(Stored data)
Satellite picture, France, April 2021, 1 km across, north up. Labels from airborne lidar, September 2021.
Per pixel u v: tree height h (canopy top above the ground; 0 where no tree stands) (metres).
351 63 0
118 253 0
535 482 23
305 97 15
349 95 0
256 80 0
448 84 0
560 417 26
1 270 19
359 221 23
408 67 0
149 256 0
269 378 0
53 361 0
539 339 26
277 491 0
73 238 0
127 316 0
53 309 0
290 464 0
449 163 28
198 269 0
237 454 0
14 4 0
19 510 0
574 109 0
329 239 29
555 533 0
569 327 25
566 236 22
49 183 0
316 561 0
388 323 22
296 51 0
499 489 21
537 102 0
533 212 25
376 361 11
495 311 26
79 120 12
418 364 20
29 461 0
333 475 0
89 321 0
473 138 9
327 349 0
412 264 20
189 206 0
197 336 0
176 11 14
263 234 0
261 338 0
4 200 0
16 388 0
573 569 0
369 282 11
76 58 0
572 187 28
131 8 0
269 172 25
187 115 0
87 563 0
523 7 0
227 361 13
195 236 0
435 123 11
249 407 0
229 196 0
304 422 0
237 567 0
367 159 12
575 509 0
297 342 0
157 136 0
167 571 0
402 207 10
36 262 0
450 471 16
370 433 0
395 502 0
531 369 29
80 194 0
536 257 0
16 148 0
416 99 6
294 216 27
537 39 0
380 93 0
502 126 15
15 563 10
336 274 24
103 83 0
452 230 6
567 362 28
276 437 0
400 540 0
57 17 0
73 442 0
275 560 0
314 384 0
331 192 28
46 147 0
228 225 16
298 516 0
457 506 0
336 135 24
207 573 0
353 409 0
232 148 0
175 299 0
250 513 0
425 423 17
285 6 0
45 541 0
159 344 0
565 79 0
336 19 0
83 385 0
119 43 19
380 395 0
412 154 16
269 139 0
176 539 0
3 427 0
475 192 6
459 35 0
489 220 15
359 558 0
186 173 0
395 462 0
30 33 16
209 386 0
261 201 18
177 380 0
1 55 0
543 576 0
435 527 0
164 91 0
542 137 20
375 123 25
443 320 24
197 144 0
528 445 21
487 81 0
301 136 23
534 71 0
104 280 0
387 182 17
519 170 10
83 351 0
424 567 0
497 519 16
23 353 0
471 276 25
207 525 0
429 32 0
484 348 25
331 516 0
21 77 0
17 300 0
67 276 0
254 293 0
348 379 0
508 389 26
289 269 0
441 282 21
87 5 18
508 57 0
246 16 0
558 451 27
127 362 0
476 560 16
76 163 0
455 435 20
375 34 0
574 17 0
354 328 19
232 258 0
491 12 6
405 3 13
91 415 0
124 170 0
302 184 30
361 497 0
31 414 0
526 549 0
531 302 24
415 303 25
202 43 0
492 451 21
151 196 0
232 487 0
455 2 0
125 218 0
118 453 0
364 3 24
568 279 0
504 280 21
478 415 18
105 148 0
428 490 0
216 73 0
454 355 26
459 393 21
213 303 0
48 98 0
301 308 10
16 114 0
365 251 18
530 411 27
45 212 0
==
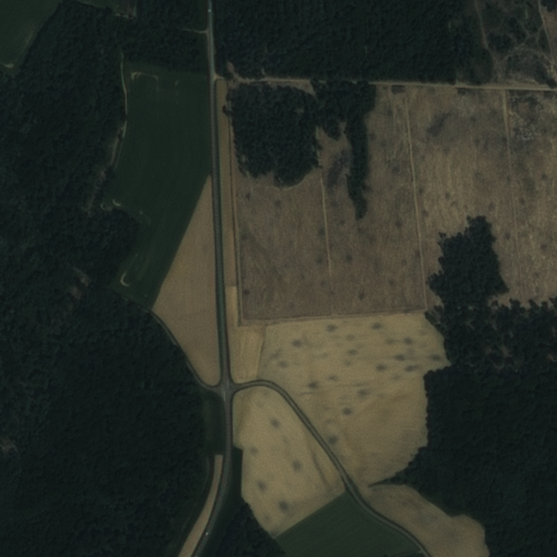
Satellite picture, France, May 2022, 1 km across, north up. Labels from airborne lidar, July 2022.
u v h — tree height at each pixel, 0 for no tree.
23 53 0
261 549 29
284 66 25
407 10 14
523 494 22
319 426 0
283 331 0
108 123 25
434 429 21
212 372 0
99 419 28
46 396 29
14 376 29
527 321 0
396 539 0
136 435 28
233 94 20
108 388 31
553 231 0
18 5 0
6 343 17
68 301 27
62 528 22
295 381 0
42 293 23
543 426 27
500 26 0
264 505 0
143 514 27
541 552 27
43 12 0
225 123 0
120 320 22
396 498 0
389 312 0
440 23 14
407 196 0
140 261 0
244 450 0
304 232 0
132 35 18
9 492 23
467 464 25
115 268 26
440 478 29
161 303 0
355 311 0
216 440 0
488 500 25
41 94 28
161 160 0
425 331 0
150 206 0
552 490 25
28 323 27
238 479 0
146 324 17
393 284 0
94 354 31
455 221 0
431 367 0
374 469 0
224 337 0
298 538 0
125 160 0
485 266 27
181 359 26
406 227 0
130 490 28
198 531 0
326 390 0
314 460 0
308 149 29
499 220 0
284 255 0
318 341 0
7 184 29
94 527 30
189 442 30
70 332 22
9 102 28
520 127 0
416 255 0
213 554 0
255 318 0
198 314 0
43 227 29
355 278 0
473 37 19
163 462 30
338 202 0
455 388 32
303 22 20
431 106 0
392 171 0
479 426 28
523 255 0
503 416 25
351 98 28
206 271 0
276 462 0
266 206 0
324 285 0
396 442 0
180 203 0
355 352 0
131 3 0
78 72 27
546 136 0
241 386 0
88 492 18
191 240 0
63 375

| WHAT YOU ARE ASKED TO DO |
Wherever the word "pixel" appears in the entries above, copy that whole line.

| YOUR RESPONSE |
Per pixel u v: tree height h (canopy top above the ground; 0 where no tree stands) (metres).
u v h — tree height at each pixel, 0 for no tree.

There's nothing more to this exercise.